— Ну, а потом что?..
— Как что?.. Полностью реабилитирована. Недавно во Львов вернулась. Но уже совсем не то, пройдешь и не посмотришь, вот Леночка не даст соврать!..
Беляев выпивал в доме старого друга, львовского профессора — филолога. Водки, как и всегда, не хватило, и профессор побежал за угол, в ларек. Беляев стал домогаться у его жены, пожилой женщины, чтобы она отдалась ему по — быстрому, пока муж не вернулся. Та пыталась его усовестить, но он вынул пистолет и пригрозил, что застрелит ее. Глупая женщина продолжала упрямиться, он выстрелил и попал ей в бедро. Она навсегда осталась хромой, а Беляеву вкатили «строгача». Его утешает лишь одно: на следствии выяснилось, что эта женщина — сестра убийцы Воровского. Все‑таки Беляев не зря старался.
Красавица монахиня в Мукачевском женском монастыре. Гордое смуглое лицо, гордая стать, независимая, до вызова, поза во время службы в церкви.
ПОДМОСКОВЬЕ (май 1959 г.)
Вчера, взяв у соседа одноствольное ружье и единственный патрон, пошел в ближний лес на тягу.
Лес в полном смысле звенел. Я плохо знаю голоса птиц. Я узнавал лишь тонкий, острый свист синиц, странное клацанье дроздов, гортанные, тревожные переклики сорок; другие, самые нежные, самые мелодичные голоса оставались мне неведомы, хотя порой я видел исполнителей. Стройная, изящная птичка сидела на верхушке молодой ели, на светлом, вертикальном молодом побеге, и заливалась так самозабвенно, что подпустила меня вплотную. А когда наконец заметила, то перелетела на соседнюю елочку, опять на самую маковку, и продолжала с той же ноты, на которой я ее прервал. Жаль, я не знаю, что это за птичка.
Когда я шел к заветному месту, солнце достигло горизонта. Всю свою последнюю силу оно отдавало земле, покрыв ее горячим розовым золотом. А небо, по — дневному голубое, в чистых, белых, прозрачных облачках, питалось каким‑то своим светом. Когда я уже стал в засаде, солнце село, земля накрылась спокойной, тихой тенью, а облака загорелись золотым и малиновым от невидимого уже солнца.

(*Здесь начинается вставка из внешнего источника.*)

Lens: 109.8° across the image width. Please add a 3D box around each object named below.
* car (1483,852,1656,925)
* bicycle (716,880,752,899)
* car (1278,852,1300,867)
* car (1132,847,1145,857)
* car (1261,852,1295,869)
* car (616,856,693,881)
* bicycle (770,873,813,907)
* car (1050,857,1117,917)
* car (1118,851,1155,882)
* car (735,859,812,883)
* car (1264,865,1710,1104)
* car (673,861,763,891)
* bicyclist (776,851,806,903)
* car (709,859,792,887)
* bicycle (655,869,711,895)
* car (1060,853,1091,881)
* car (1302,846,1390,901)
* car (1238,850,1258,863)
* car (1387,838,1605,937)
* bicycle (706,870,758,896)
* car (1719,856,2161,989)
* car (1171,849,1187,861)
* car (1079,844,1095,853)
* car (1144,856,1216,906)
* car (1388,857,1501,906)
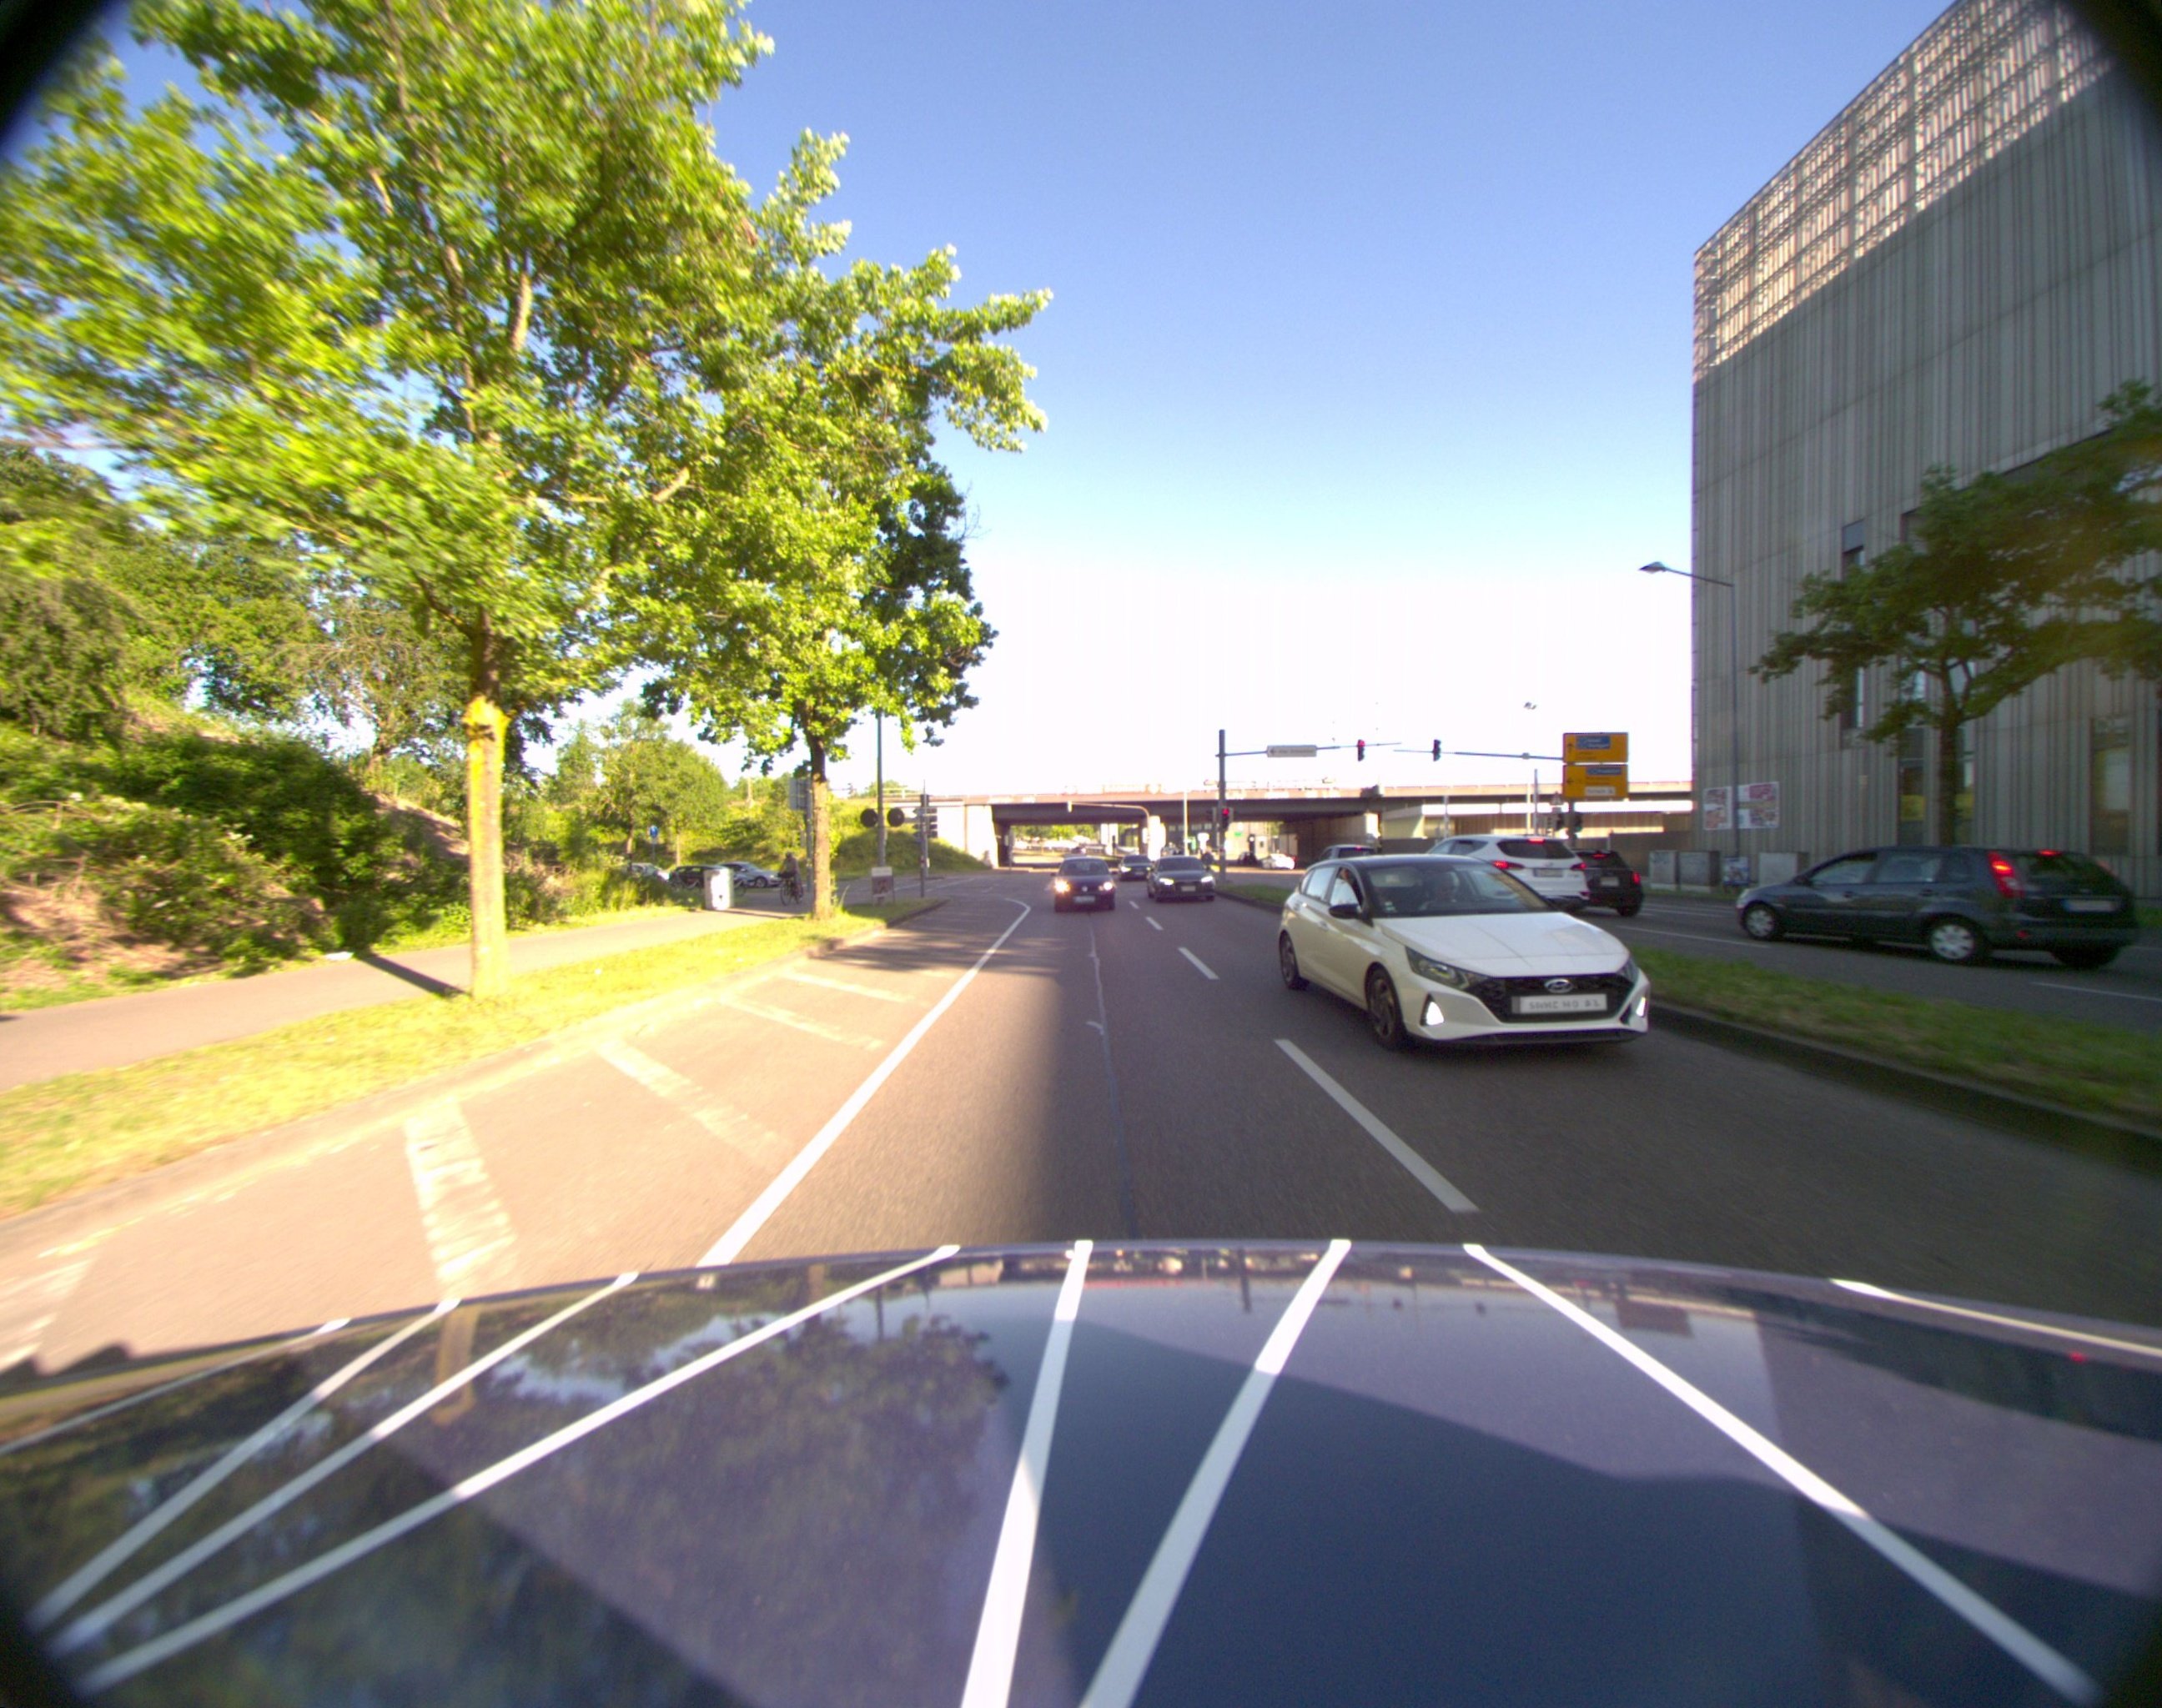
[{"bbox_3d":[10.999,0.702,17.417,1.624,1.461,3.640,1,0,1],"label":"car"},{"bbox_3d":[-12.856,1.296,28.131,0.844,0.618,2.190,1,-1,-34],"label":"bicycle"},{"bbox_3d":[20.817,0.559,76.182,1.493,1.403,3.939,0,0,5],"label":"car"},{"bbox_3d":[9.288,-0.377,123.653,1.727,1.531,3.999,1,0,0],"label":"car"},{"bbox_3d":[17.289,0.541,66.993,1.707,1.433,4.880,1,0,0],"label":"car"},{"bbox_3d":[-26.995,0.904,48.121,3.996,1.424,1.590,-1,2,3],"label":"car"},{"bbox_3d":[-9.139,1.116,24.045,0.573,0.986,2.046,-1,0,0],"label":"bicycle"},{"bbox_3d":[0.056,0.866,21.667,1.702,1.474,4.052,-2,0,0],"label":"car"},{"bbox_3d":[2.933,0.631,40.808,1.702,1.528,3.946,-1,0,0],"label":"car"},{"bbox_3d":[-19.195,1.056,47.542,3.995,1.424,1.816,-1,2,4],"label":"car"},{"bbox_3d":[3.058,0.852,6.831,1.783,1.400,4.074,-1,0,-1],"label":"car"},{"bbox_3d":[-19.846,1.192,41.632,3.995,1.467,1.805,-1,2,4],"label":"car"},{"bbox_3d":[-9.142,0.716,23.980,0.566,1.600,0.865,-1,1,0],"label":"bicyclist"},{"bbox_3d":[-19.153,1.087,44.144,3.995,1.467,1.817,-1,2,5],"label":"car"},{"bbox_3d":[-17.211,1.218,32.828,2.259,1.099,0.700,0,-2,15],"label":"bicycle"},{"bbox_3d":[-0.327,0.720,44.241,1.702,1.478,3.946,-1,0,0],"label":"car"},{"bbox_3d":[8.078,0.559,23.447,1.605,1.571,3.212,1,0,1],"label":"car"},{"bbox_3d":[20.013,0.315,91.116,1.571,1.524,3.426,0,0,0],"label":"car"},{"bbox_3d":[8.105,0.565,15.456,1.828,1.672,4.658,1,0,0],"label":"car"},{"bbox_3d":[-14.033,1.165,30.550,1.993,1.046,0.455,-1,1,12],"label":"bicycle"},{"bbox_3d":[11.123,0.748,10.145,1.840,1.415,4.000,1,0,0],"label":"car"},{"bbox_3d":[13.051,0.170,101.220,1.632,1.531,4.000,1,0,1],"label":"car"},{"bbox_3d":[1.154,-0.984,148.144,1.818,1.687,3.993,-2,1,-20],"label":"car"},{"bbox_3d":[3.084,0.782,24.350,1.702,1.396,4.364,-1,0,0],"label":"car"},{"bbox_3d":[11.416,0.812,24.164,1.707,1.432,3.753,1,0,-1],"label":"car"}]

Я постоял немного, потом переменил место, миновав по пути глубокую балку, наполненную будто лиловым дымом. То был растворенный в низинном, вечерне — влажном воздухе отсвет лиловатых веточек ольшаника, усеянных набухшими почками. Из чащобы кустов, крывших дно балки, вырвались и прошли низом два витютня, с такими обтекаемыми, стремительными телами, что они казались не живыми созданиями, а крошечными реактивными самолетами.
УСОЛЬЕ
Эта затянувшая свой приход весна спутала все «расчеты» и у животных, и у растений, и у птиц, и у рыб, и у человека. Такая путаница, что все очумели. Плотва — ледянка начала икриться прямо на лед, примерзший ко дну. Когда же лед неожиданно поднялся, а снег на берегу стал яростно таять, образуя ручьи и водоемы во всех впадинах земли, щуки ринулись на икромет в канаву вдоль железной дороги. Нестойкие протоки обмелели раньше, чем щуки отметались, многие оказались отрезанными от озера, рыбаки брали их чуть не голыми руками. То же случилось с язями, попавшими в плен к маленькому болотцу.
А с грязнухой вообще непонятно. Настоящего хода ее так и не было. Лишь в одном месте озера, неподалеку от устья реки, в жидком камыше, после шершавых самцов — молочников стали попадаться и зеркально — гладкие, уже пустые, самки. А тёрки не было слышно в этом году, берега скучно молчали.
Деревья не распускались до середины мая, так и простояли голые, с набухшими почками. До чего осторожен растительный мир — он не поверил теплу ранних майских дней, не отдал зелени, и верно — целую неделю длились заморозки, даже снег выпадал…
ПО ДОРОГЕ К ПЕРЕСЛАВЛЮ
Долгая, долгая майская заря. Горизонт окрасился розовым, розовое растекалось всё шире, затем высветилось небо, а луна стала белой, как снежок. Распустилось утро, а солнца всё не было. Но вот озарились снизу розовым лиловые облака, и над дальним городищем ослепительно засияла дужка солнца. Затем оно на глазах, буквально на глазах, стало вплывать ввысь.